Description of outputs

TaRTLEt outputs data on two layers of abstraction: single-condition convolution peaks, and cross-condition peak clusters. At each level, TaRTLEt generates both tabular output on each feature and plots of each riboswitch locus. For each candidate peak in the convolution, the single-condition tabular output (peak_log.csv) captures the riboswitch locus, the RNA-seq dataset, the location and shape of the peak, the “noise set” of comparator peaks, TaRTLEt’s pass/fail call for that peak as a candidate transcription termination event, and the reason for that call. Single-condition locus plots are sorted into pass/ and fail/ subdirectories, where pass/ contains locus plots for all conditions in which any peak, regardless of location within the locus, was called as a transcription termination event.
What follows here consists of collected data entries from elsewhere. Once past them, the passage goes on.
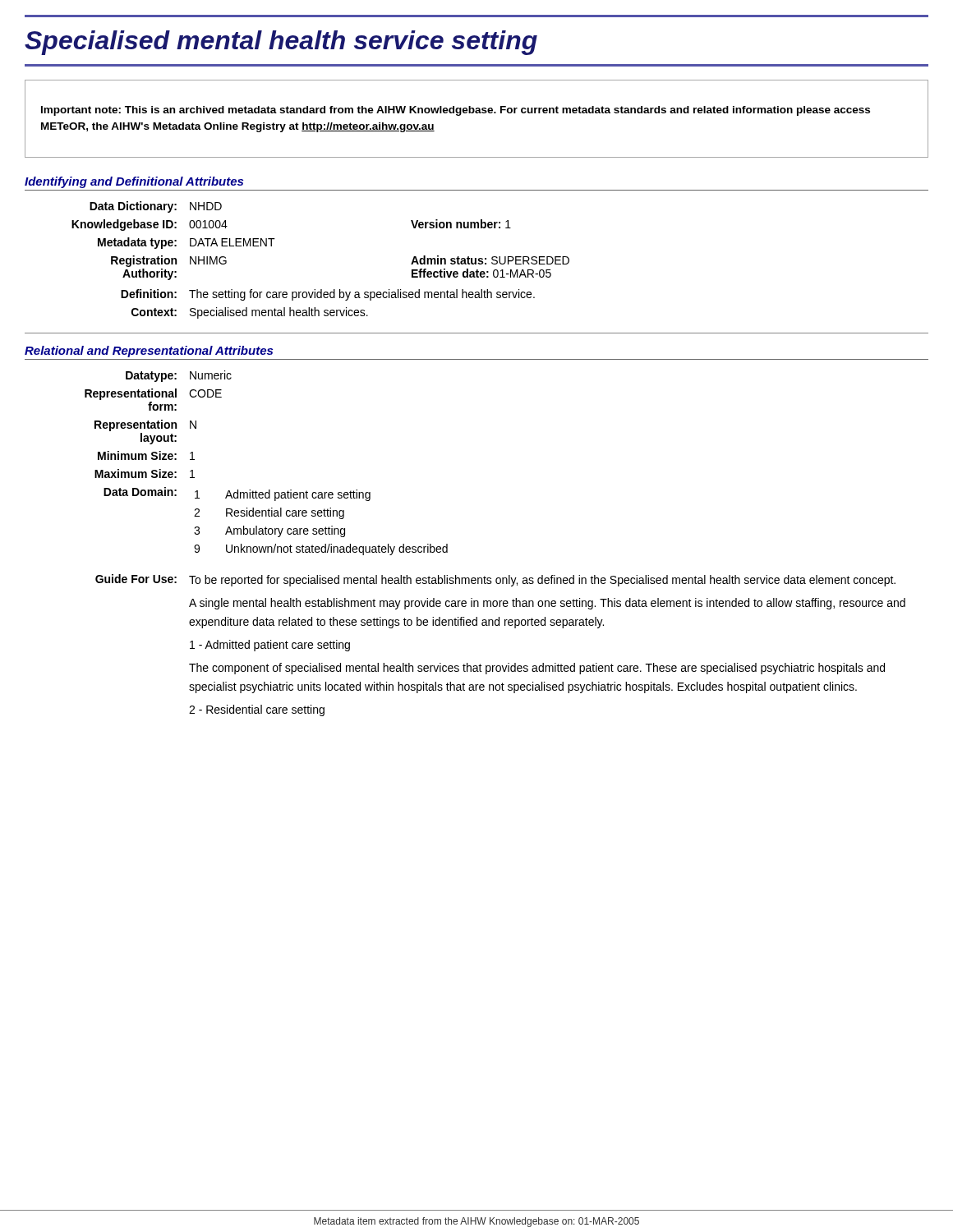Find the table that mentions "Data Domain:"
The height and width of the screenshot is (1232, 953).
click(x=476, y=463)
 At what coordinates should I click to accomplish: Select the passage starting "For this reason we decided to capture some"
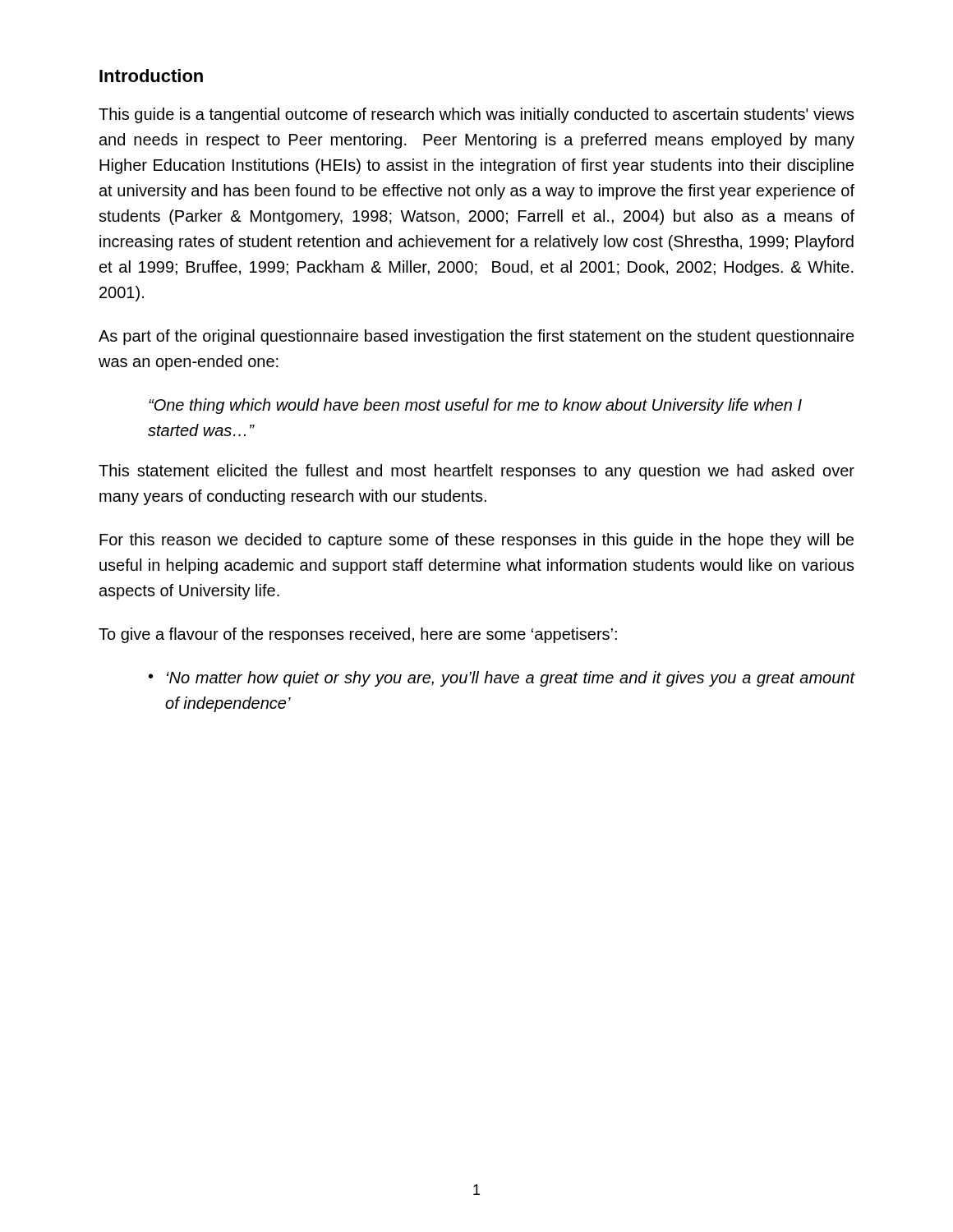(x=476, y=565)
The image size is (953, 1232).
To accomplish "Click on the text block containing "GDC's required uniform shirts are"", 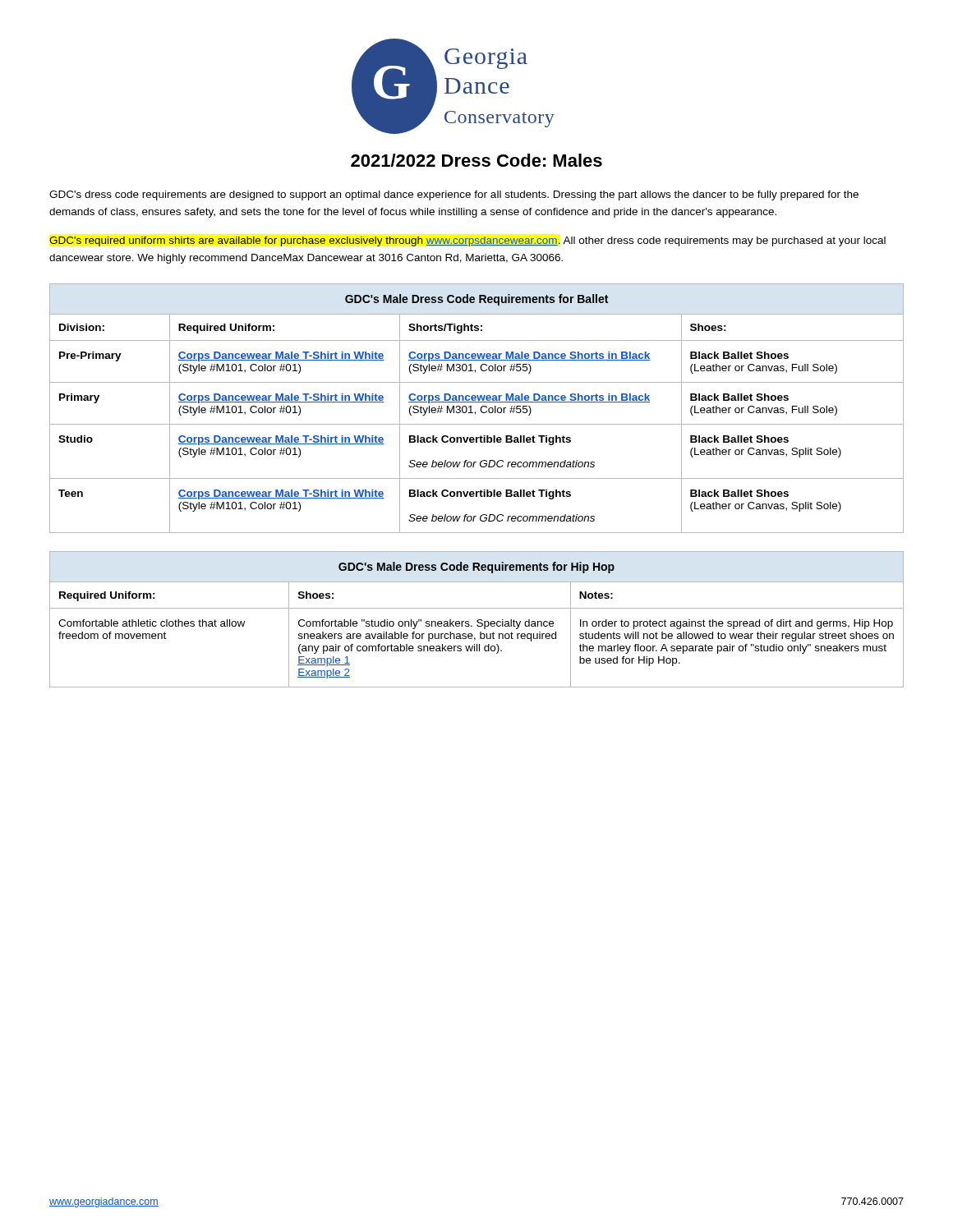I will click(468, 249).
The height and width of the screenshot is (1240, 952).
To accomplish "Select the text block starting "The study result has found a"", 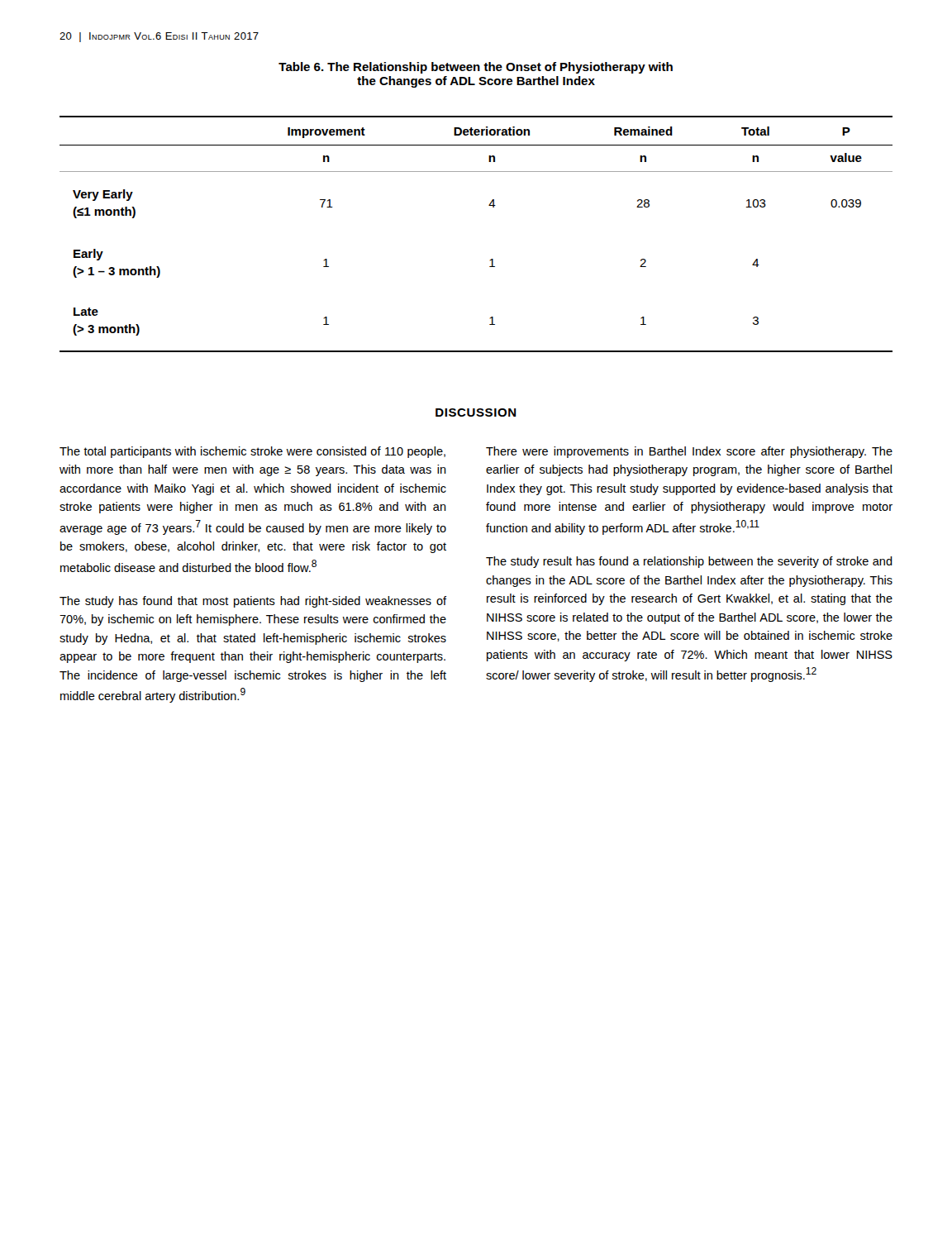I will [x=689, y=618].

A sample locus plot of the molybdenum cofactor (MOCO) riboswitch from E. coli is shown in Fig. 4; for a sample peak log, see Table S1.

At the level of cross-condition cluster comparisons, TaRTLEt records each cluster’s mean and variance test statistics in cluster_stats.csv, then uses this file in conjunction with peak_log.csv to generate a summary peak plot that allows easy inspection of condition-dependent modulation of transcription termination efficiency near the 3′ ends of all riboswitches in the dataset. Figure 5 shows a sample summary peak plot. The user may simply scan the summary peak plot to identify loci in which a cluster was marked significant (*), optionally using the locus plots to identify particular experimental conditions that evoked a change in riboswitch transcription termination efficiency (at loci identified as modulating transcription termination) or to spot-check peak call quality.